Friday, May 26, 2006

My Thoughts and Comments: Dancing on the Head of a Needle Dept.

Ann Marie Lipinski, senior vice president and editor of the Chicago Tribune, conceded that the newspaper industry needs to formulate a strategy to confront the realities of an Internet world in her speech at the Ruhl Lecture hosted by the University of Oregon (see previous entry). At the same time, she said that the industry is facing reduced advertising dollars, rising news printing cost, reduced circulation and investor disenchantment and disillusionment. Once again the newspaper industry refuses to recognize the behavior of their competition, namely the major networks and their local affiliates and the cable news are already providing their content to the Web-surfing public for free. Worse, the industry has yet to grasp the demographics of the Internet using community and, for many newspapers, their dependency on local or regional audience. According to Internet World Stats, the Internet has achieved a 68.6 percent penetration into the US Market, which means 68.6 percent of the American population has access to the news through the Internet, unlike Spain which has only 38.7 percent penetration.

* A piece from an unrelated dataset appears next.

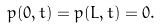<formula> <loc_0><loc_0><loc_500><loc_500>p ( 0 , t ) = p ( L , t ) = 0 .</formula>

By dependency on local or regional audience, I mean that a newspaper in Eugene Oregon would principally focus its coverage on news in Eugene and its surrounding municipalities and therefore its audience are people living in that area. The core problem is that local newspapers are competing online against the local affiliates. This means that if one refuses to provide their online edition for free users would simply turn elsewhere for their informational needs. To compound the 21st Century business model of local newspapers, the major national news organizations like CNN, the Wall Street Journal, USA Today or International Herald Tribune would also provide coverage on major stories happening in that city like the Enron trials in Houston or the Conrad Black case in Chicago. Speaking of Conrad Black, the former Canadian media mogul, as of Thursday 25th May 2006, I have yet to see any reporting in The Oregonian, Portland’s major daily. Yet, the Wall Street Journal, CNBC, Canada’s Globe and Mail, many Canadian local daily newspapers and Business Week all provide reporting on the Black case. Consequently people in distant places no longer have to rely on the local newspaper for information on major local stories. In comparison, national newspapers address a significantly larger audience because of their focus on important national, international and world business stories. As a result, these newspapers sacrifice the interests of local communities in favor of reaching the affluent readers with broader interests. Furthermore, these newspapers have access to foreign markets because their broader coverage. More importantly, these newspapers face a very limited competition, namely CNN and BBC and not too much more. As a result, these newspapers can also levee a user fee for their Internet-edition.

Lipinski on Thursday refuses to address the survival of newspapers in her speech or the question and answer session aftwerwards concerning a business model completely dependent on advertising dollars. In other words, I fear that the print edition of local daily newspapers, especially in smaller markets, would soon become free newspapers, like so many other publications. However, I believe that the demise of community reporting in favor of major national, state and international news may once again restore profitability to newspaper chains and re-establish newspapers as a window for the reading public to the world. The network and cable news only cover major national and international stories and the local affiliates cover news in the immediate area. This begs the question: who is covering major state stories like the proceedings at the state legislature or state appellate courts? My advice to editors today would be to fire the obituary writer, reassign the beat reporters to cover city hall, county commissions, the governor, the state legislature and public policy issues. I say let the broadcast news bottom-feed the local stories.

1 Comments:

Blogger anchovy said...

Just reading random blogs tonight. This is interesting stuff. A couple ideas/questions came to mind.

Some markets on the east coast, like New York, Boston, Philadelphia seem to have a unique news culture in which readers eats up local stories. I haven't done the research, but I wonder if the papers in those markets are so vulnerable to competition from free sources like Internet news, especially those that have gone to the tabloid format.

Newspaper companies, whether they realize it or not, are in the content business, not the newspaper business. If they intend to reverse their fortunes they should probably look to see what content niches they can fill. I like your suggestion for them to cover news at the state level. Certainly here in California I think the shenanigans of our lawmakers are under reported. In fact, news outlets may be in a position to create their own demand because I suspect that readers, to the extend they're apathetic about state politics, are so because they are just not informed.

Here's another niche: the other viewpoint. Whatever ones political viewpoints and opinions about news bias, it's pretty clear from the success of folks like Fox, conservative talk radio and conservative Internet news sources that there is a real demand for news from another viewpoint. It just makes business sense to provide it. Besides, as a news comsumer I'm a little frustrated that so much of my news comes from just a few sources like Reuters and AP. The injection of other viewpoints is also healthy for our national debate. Of course, this presupposes that there is or ought to be any viewpoint at all in news reporting. I suggest it's inevitable. But that's a whole other discussion!